The role of C/EBP homologous protein in HIV protease inhibitor‐induced dyslipidemia

Association of HIV protease inhibitors (PIs) with metabolic abnormalities is a major concern for long‐term use of HIV PIs in the treatment of HIV infection. We have previously shown that endoplasmic reticulum (ER) stress is a major cellular mechanism underlying HIV PI‐induced dyslipidemia. The C/EBP homologous protein (CHOP) is a key transcriptional factor involved in ER stress–mediated apoptosis. In this study, we specifically examined the role of CHOP in HIV PI‐induced dyslipidemia. Methods Primary hepatocytes isolated from wild type and CHOP −/− mice were used in in vitro studies. Wild type and CHOP −/− mice were used in in vivo studies.

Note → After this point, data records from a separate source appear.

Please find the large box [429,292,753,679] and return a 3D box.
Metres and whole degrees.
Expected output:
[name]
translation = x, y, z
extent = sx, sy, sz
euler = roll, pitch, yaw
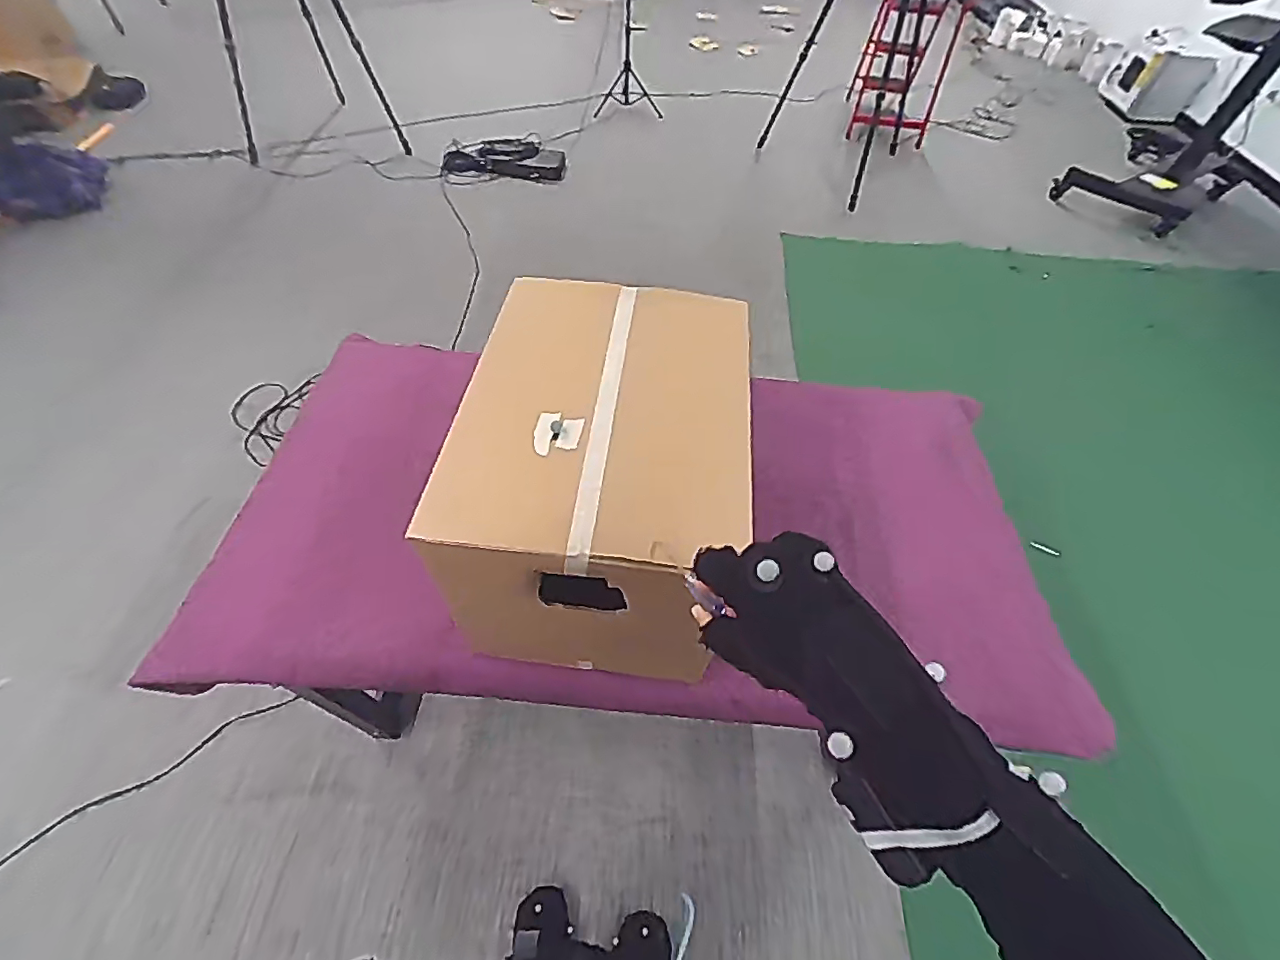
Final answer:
[large box]
translation = -0.038, 0.009, 0.735
extent = 0.320, 0.320, 0.408
euler = 7, 54, 1

Lipid accumulation was detected by Oil Red O staining and HE staining. The mRNA levels of key genes involved in hepatic lipid metabolism were determined by real‐time RT‐PCR. Results HIV PI‐induced intracellular lipid accumulation was significantly reduced in the absence of CHOP. Treatment of wild type mice with HIV PIs for four weeks significantly increased serum levels of triglycerides (TG) and free cholesterol (FC) and induced lipid accumulation in the liver. However, CHOP −/− mice had low serum TG and FC levels and less lipid accumulation in the liver under the same treatment. In addition, HIV PI‐induced upregulation of HMG‐CoA‐reductase, SREBP‐1, and hepatic lipase was attenuated in CHOP −/− mice. Conclusion CHOP plays a critical role in HIV PI‐induced dyslipidemia.